I have a large cunk of data, ~4 GB, that fits into host memory, but is too big for device shared memory. Basically I partitioned my space into z slices such that each stream input is about 3 kB. For each kernel, it will read 3 of these 3 kB streams and do computation and update one of the streams. This is how my code is manageing the memory.
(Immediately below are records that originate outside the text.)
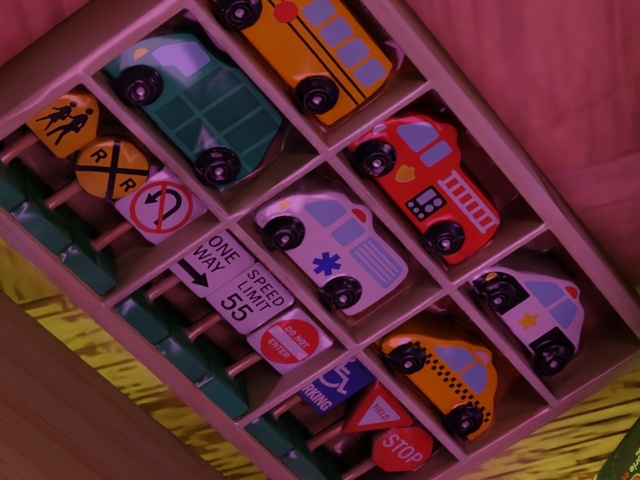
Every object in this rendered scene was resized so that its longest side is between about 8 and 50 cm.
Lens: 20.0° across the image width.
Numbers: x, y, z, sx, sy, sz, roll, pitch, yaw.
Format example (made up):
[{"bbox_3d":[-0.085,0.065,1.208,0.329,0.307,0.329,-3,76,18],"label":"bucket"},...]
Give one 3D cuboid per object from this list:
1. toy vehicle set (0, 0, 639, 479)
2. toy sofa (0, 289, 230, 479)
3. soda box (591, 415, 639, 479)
[{"bbox_3d":[0.000,0.000,0.707,0.166,0.035,0.267,-35,126,13],"label":"toy vehicle set"},{"bbox_3d":[-0.104,0.141,0.700,0.150,0.177,0.362,-36,126,13],"label":"toy sofa"},{"bbox_3d":[0.144,0.147,0.833,0.053,0.060,0.169,18,119,-25],"label":"soda box"}]

I want to know if this is the best way to do it or is their a better way of doing memory management.
__host__ void update(float3 **e_, float3 **h_, float3 *e_cur_d, float3 *e_cur_h, float3 *h_cur_d, float3 *h_cur_h, float3 *h_prev_d, float3 *h_prev_h){
int timestep = 0;
int max_timesteps = 10000;
int k;
int j;
int i;
for(timestep = 0; timestep < max_timesteps; timestep++){
h_[dim_z/2 ][(dim_x*dim_y)/2 ].x = 5.0;
for(k = 1; k < dim_z; k++){
for(i = 0; i < dim_x * dim_y; i++){
e_cur_h[i].x = e_[k][i].x;
e_cur_h[i].y = e_[k][i].y;
e_cur_h[i].z = e_[k][i].z;
h_cur_h[i].x = h_[k][i].x;
h_cur_h[i].y = h_[k][i].y;
h_cur_h[i].z = h_[k][i].z;
h_prev_h[i].x = h_[k-1][i].x;
h_prev_h[i].y = h_[k-1][i].y;
h_prev_h[i].z = h_[k-1][i].z;
}
cudaMemcpy((void*)e_cur_d, e_cur_h, dim_x*dim_y*sizeof(float3), cudaMemcpyHostToDevice);
cudaMemcpy((void*)h_cur_d, h_cur_h, dim_x*dim_y*sizeof(float3), cudaMemcpyHostToDevice);
cudaMemcpy((void*)h_prev_d, h_prev_h, dim_x*dim_y*sizeof(float3), cudaMemcpyHostToDevice);
eUpdateSlice<<<100,256>>>(e_cur_d, h_cur_d, h_prev_d, dim_x, dim_y,0,0);
}
cudaMemcpy((void*)e_cur_h, e_cur_d, dim_x*dim_y*sizeof(float3), cudaMemcpyDeviceToHost);
cudaMemcpyDeviceToDevice);
for(i = 0; i < 9; i++){
e_[k][i].x = e_cur_h[i].x;
e_[k][i].y = e_cur_h[i].y;
e_[k][i].z = e_cur_h[i].z;
}